Sabahlar ve… [09 Mart 2012 Cuma]


Hele ki sabah; bir dünya güzelinin duvağı gibi açıyorsa yüzünü, ışıldıyorsa, gülümsüyorsa…
Hele ki durgun deniz; boylu boyunca serilmiş ve güneşe karşı gerinen karşı yakayı, aynasında yansıtıyorsa…
Hele ki o gün, içini tüketen ağrılar, yüreğinde cam kesiği sızılar yoksa…

Kavacık’tan Küçüksu’ya doğru bırakırım kendimi.
Henüz güneş solumda kalan tepenin ardında, belki kırağılar erimemiş ve belki bereler kulaklara kadar iniktir…

Göksu, gerçekten gökten inen bir su gibidir de ismi ondan böyledir.
Her iki yanında tekneler bağlı durgun derenin her iki yanında yükselmiş ağaçlar ve her iki yanda çağırışlar;
Duyanı! Kendisini duyanı…

Yol döner ya hani o birkaç okaliptüs ağacının yanından, Bayezid Hân’ın hisarı görünür. Sonra Göksu üstündeki köprü ve sonra deniz…
Hava güzel ya ve zaten deniz de dümdüz ya. Martılar dizilmiştir çayıra, güneşi almak için.

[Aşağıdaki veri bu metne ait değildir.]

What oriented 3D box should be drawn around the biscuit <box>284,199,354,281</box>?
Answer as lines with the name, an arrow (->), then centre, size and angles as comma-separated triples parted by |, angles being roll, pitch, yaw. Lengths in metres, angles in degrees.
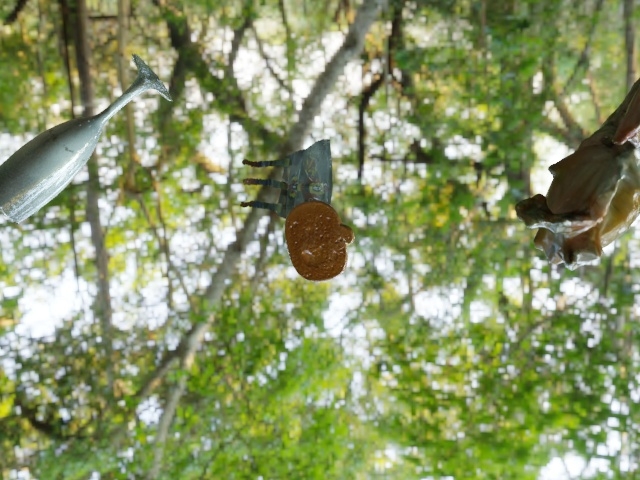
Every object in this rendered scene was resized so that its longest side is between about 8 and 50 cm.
biscuit -> 0.000, 0.000, 1.093 | 0.078, 0.091, 0.015 | -10, 179, 15

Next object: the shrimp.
shrimp -> 0.160, -0.059, 0.519 | 0.052, 0.132, 0.187 | 26, -126, 21

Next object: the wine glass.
wine glass -> -0.238, -0.097, 0.967 | 0.198, 0.066, 0.066 | -43, -151, -10

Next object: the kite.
kite -> -0.052, -0.081, 1.469 | 0.015, 0.141, 0.245 | 6, -179, -37
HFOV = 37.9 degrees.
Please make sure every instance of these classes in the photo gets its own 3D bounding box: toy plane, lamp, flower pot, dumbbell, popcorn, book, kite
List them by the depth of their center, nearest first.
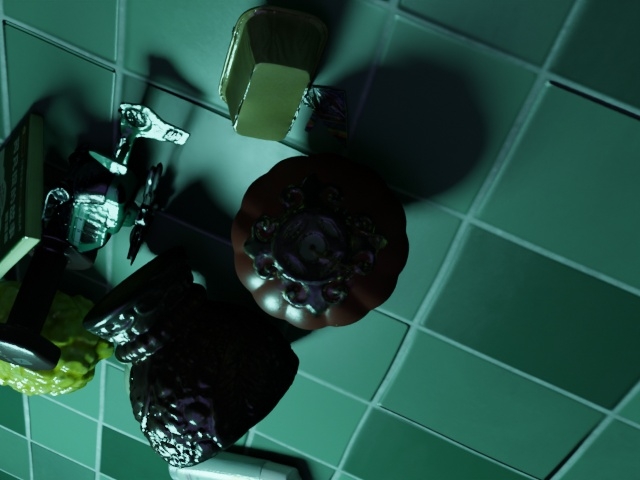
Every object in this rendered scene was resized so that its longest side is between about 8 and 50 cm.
[{"bbox_3d":[0.001,-0.163,1.158,0.122,0.004,0.090,39,137,-9],"label":"kite"},{"bbox_3d":[0.000,0.000,1.186,0.226,0.227,0.227,15,138,14],"label":"lamp"},{"bbox_3d":[-0.302,-0.077,1.348,0.155,0.106,0.382,25,139,-7],"label":"toy plane"},{"bbox_3d":[-0.481,-0.044,1.412,0.027,0.202,0.264,13,151,-35],"label":"book"},{"bbox_3d":[-0.210,0.166,1.440,0.266,0.266,0.267,-24,109,43],"label":"flower pot"},{"bbox_3d":[-0.452,0.085,1.484,0.124,0.226,0.140,5,155,21],"label":"dumbbell"},{"bbox_3d":[-0.516,0.170,1.652,0.285,0.174,0.225,-7,141,38],"label":"popcorn"}]

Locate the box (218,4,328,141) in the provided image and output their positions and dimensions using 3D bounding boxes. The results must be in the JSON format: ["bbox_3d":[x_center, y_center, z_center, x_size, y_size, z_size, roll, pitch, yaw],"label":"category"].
[{"bbox_3d":[-0.059,-0.196,1.090,0.111,0.111,0.177,28,142,0],"label":"box"}]

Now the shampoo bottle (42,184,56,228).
[{"bbox_3d":[-0.436,-0.040,1.429,0.034,0.141,0.049,-26,117,10],"label":"shampoo bottle"}]

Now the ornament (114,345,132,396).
[{"bbox_3d":[-0.330,0.244,1.717,0.081,0.074,0.156,36,149,33],"label":"ornament"}]

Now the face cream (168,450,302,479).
[{"bbox_3d":[-0.169,0.464,1.857,0.269,0.073,0.107,6,143,22],"label":"face cream"}]
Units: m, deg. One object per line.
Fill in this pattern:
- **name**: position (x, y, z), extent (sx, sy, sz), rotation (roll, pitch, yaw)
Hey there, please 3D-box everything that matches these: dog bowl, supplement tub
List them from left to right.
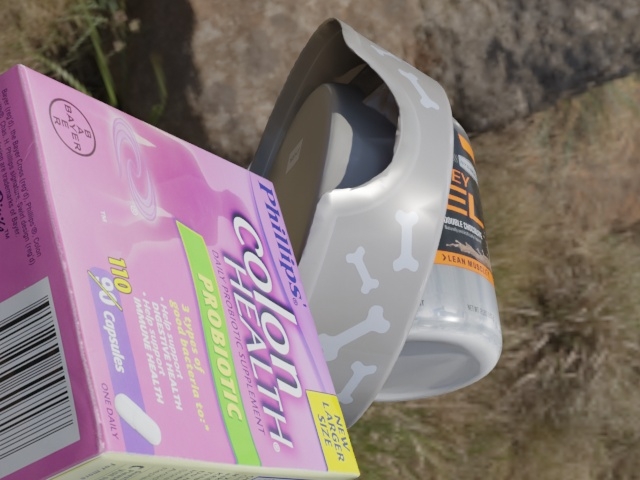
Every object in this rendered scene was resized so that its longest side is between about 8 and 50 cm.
- **dog bowl**: position (0.000, 0.000, 0.934), extent (0.102, 0.349, 0.349), rotation (18, 70, -14)
- **supplement tub**: position (0.078, -0.010, 1.268), extent (0.207, 0.207, 0.338), rotation (23, 51, -41)

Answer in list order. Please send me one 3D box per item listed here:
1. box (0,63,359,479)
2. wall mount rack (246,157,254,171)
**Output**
- **box**: position (-0.109, 0.051, 0.660), extent (0.243, 0.117, 0.213), rotation (24, 43, -57)
- **wall mount rack**: position (-0.058, -0.055, 2.138), extent (0.350, 0.304, 0.130), rotation (31, 35, 1)

Ve zaten hava karışınca onlar da uyarlar dalgalara; batıp çıkarlar, suda çakarlar…

Aah bu martılar; içinde İstanbul geçen bütün filmlerin içinden geçen isimsiz figüranlar… Onlarca değiller burada, yüzlerce de değiller; toprak damlara serilmiş kayısılar kadar çook ve onlar kadar tatlıı ve yan yanalar ama bunlar yerde ve bunlar beembeyaz ve bunlar en az babaannem kadar İstanbullu…

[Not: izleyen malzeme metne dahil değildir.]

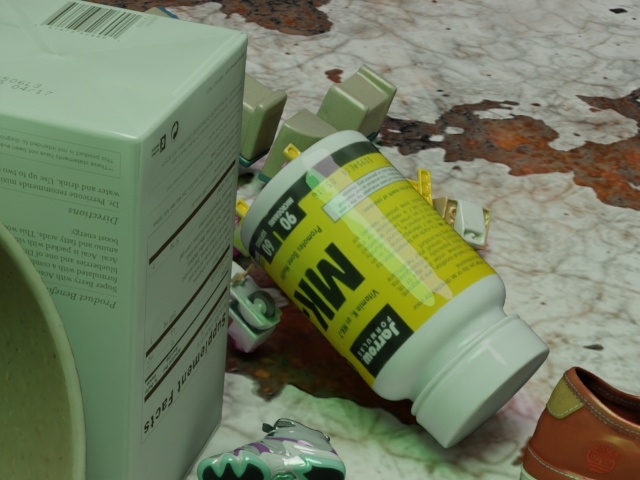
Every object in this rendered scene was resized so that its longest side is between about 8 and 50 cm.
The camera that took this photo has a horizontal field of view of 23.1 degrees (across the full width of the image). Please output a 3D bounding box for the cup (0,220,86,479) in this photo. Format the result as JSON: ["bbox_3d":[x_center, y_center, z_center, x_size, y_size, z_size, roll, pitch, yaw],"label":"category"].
[{"bbox_3d":[-0.322,0.116,0.804,0.237,0.331,0.331,-5,17,42],"label":"cup"}]

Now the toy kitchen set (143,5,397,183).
[{"bbox_3d":[-0.065,-0.127,1.442,0.207,0.122,0.166,36,38,11],"label":"toy kitchen set"}]

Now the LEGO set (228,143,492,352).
[{"bbox_3d":[0.000,0.000,1.249,0.287,0.107,0.132,-19,72,-42],"label":"LEGO set"}]

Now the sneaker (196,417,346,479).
[{"bbox_3d":[-0.037,0.140,1.029,0.098,0.038,0.069,6,27,-17],"label":"sneaker"}]

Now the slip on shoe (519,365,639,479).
[{"bbox_3d":[0.293,0.146,0.972,0.331,0.101,0.123,9,10,10],"label":"slip on shoe"}]

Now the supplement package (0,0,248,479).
[{"bbox_3d":[-0.161,0.019,0.958,0.177,0.293,0.175,13,29,12],"label":"supplement package"}]

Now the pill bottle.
[{"bbox_3d":[0.052,0.034,1.080,0.208,0.119,0.119,47,45,16],"label":"pill bottle"}]
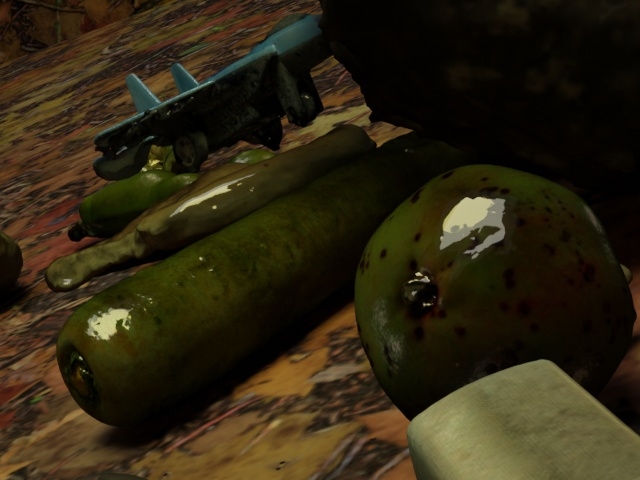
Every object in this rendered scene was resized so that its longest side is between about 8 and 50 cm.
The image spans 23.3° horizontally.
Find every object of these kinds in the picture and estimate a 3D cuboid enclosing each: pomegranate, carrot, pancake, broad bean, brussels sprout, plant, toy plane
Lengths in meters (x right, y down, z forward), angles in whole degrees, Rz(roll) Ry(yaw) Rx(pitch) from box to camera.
[{"bbox_3d":[0.081,0.027,0.631,0.114,0.114,0.142,-10,-9,39],"label":"pomegranate"},{"bbox_3d":[0.000,0.000,0.891,0.358,0.074,0.074,-31,17,-38],"label":"carrot"},{"bbox_3d":[-0.074,-0.021,1.016,0.222,0.042,0.236,-26,1,-29],"label":"pancake"},{"bbox_3d":[-0.122,-0.032,1.197,0.214,0.048,0.070,-12,22,36],"label":"broad bean"},{"bbox_3d":[-0.142,-0.076,1.371,0.085,0.058,0.085,-20,49,24],"label":"brussels sprout"},{"bbox_3d":[0.066,-0.167,0.796,0.213,0.312,0.215,-60,-16,-6],"label":"plant"},{"bbox_3d":[-0.045,-0.094,1.000,0.169,0.078,0.246,-18,5,-40],"label":"toy plane"}]

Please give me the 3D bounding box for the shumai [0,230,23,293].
[{"bbox_3d":[-0.332,0.025,1.173,0.201,0.201,0.120,-3,66,51],"label":"shumai"}]

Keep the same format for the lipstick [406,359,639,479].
[{"bbox_3d":[0.086,0.100,0.404,0.079,0.077,0.253,-24,14,-4],"label":"lipstick"}]

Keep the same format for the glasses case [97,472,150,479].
[{"bbox_3d":[-0.023,0.122,0.499,0.042,0.072,0.191,2,0,-33],"label":"glasses case"}]
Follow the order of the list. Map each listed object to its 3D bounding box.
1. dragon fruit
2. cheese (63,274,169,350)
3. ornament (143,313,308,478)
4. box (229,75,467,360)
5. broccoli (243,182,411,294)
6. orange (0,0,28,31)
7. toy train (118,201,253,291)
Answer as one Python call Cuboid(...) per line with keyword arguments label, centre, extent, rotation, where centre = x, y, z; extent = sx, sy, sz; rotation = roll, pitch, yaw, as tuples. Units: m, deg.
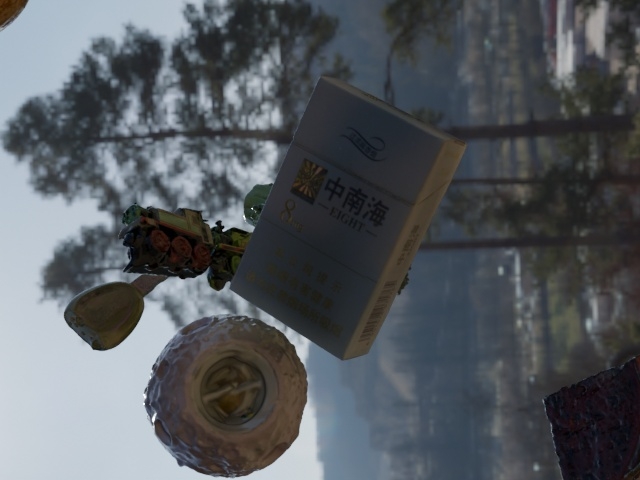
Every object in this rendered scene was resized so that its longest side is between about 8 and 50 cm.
Cuboid(label="dragon fruit", centre=(0.306, 0.174, 1.026), extent=(0.121, 0.161, 0.127), rotation=(-28, 73, 45))
Cuboid(label="cheese", centre=(-0.286, 0.084, 1.589), extent=(0.192, 0.097, 0.037), rotation=(-42, -12, -43))
Cuboid(label="ornament", centre=(-0.146, 0.245, 1.686), extent=(0.225, 0.260, 0.259), rotation=(131, 139, -74))
Cuboid(label="box", centre=(0.024, -0.023, 1.072), extent=(0.067, 0.155, 0.242), rotation=(-6, -58, -63))
Cuboid(label="broccoli", centre=(0.006, 0.012, 1.571), extent=(0.235, 0.260, 0.288), rotation=(-78, -6, -54))
Cuboid(label="orange", centre=(-0.424, -0.317, 1.185), extent=(0.193, 0.219, 0.219), rotation=(30, 127, 57))
Cuboid(label="toy train", centre=(-0.117, 0.013, 1.169), extent=(0.250, 0.053, 0.085), rotation=(15, -128, -47))
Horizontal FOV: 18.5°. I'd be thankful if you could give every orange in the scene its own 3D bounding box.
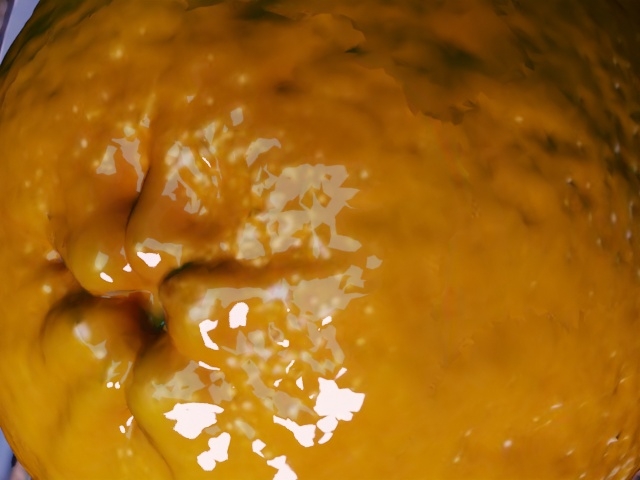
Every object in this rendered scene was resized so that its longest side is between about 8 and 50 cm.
[{"bbox_3d":[0.000,0.000,0.856,0.341,0.293,0.340,3,97,27],"label":"orange"}]
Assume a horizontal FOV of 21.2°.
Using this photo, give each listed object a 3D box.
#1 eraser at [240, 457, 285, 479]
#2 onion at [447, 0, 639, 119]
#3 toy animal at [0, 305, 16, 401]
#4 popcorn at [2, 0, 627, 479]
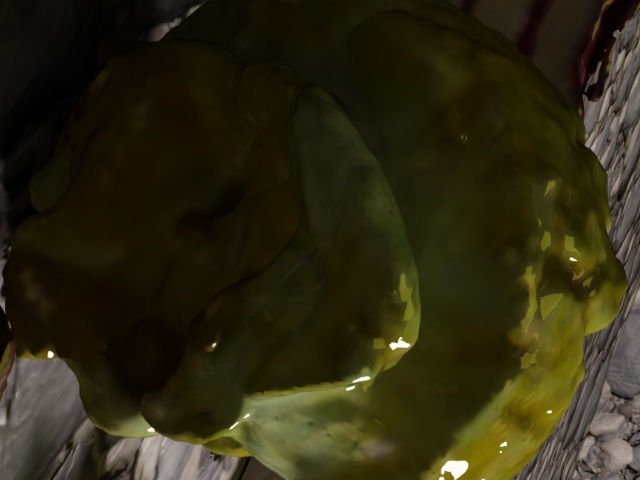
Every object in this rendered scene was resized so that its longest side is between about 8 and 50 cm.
[{"bbox_3d":[-0.026,0.142,1.029,0.019,0.038,0.083,60,53,-75],"label":"eraser"},{"bbox_3d":[0.095,-0.124,0.966,0.280,0.146,0.314,176,-65,-81],"label":"onion"},{"bbox_3d":[-0.183,0.112,0.422,0.260,0.087,0.243,-67,165,-1],"label":"toy animal"},{"bbox_3d":[0.000,0.000,0.634,0.184,0.221,0.204,27,74,-51],"label":"popcorn"}]
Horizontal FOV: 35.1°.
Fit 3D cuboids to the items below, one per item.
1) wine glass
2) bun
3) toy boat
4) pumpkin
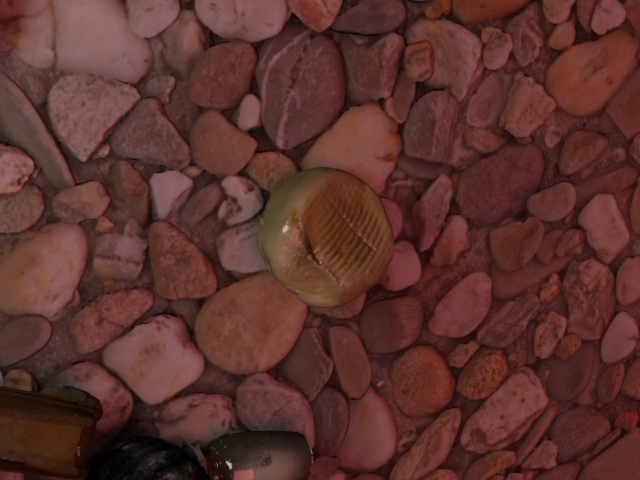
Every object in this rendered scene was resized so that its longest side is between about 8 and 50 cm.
[{"bbox_3d":[-0.121,0.372,1.672,0.204,0.111,0.111,-2,108,-27],"label":"wine glass"},{"bbox_3d":[0.000,0.000,1.600,0.229,0.145,0.229,15,66,-35],"label":"bun"},{"bbox_3d":[-0.508,0.239,1.395,0.445,0.162,0.136,18,81,-36],"label":"toy boat"},{"bbox_3d":[-0.259,0.412,1.546,0.163,0.233,0.233,-31,121,-38],"label":"pumpkin"}]

Küçüksu’ya indiğim her sabah; ne kadar şanslı olduğumu ve ne kadar güzel bir yerde yaşadığımı düşünürüm.
Öyle güzel ki, aynısından başka yok!

Ben bu yazının bir benzerini, köşemiz başladığı sene yazmıştım. “Dünyanın en güzel yeri” nereyi seviyorsan orasıdır, diyordu!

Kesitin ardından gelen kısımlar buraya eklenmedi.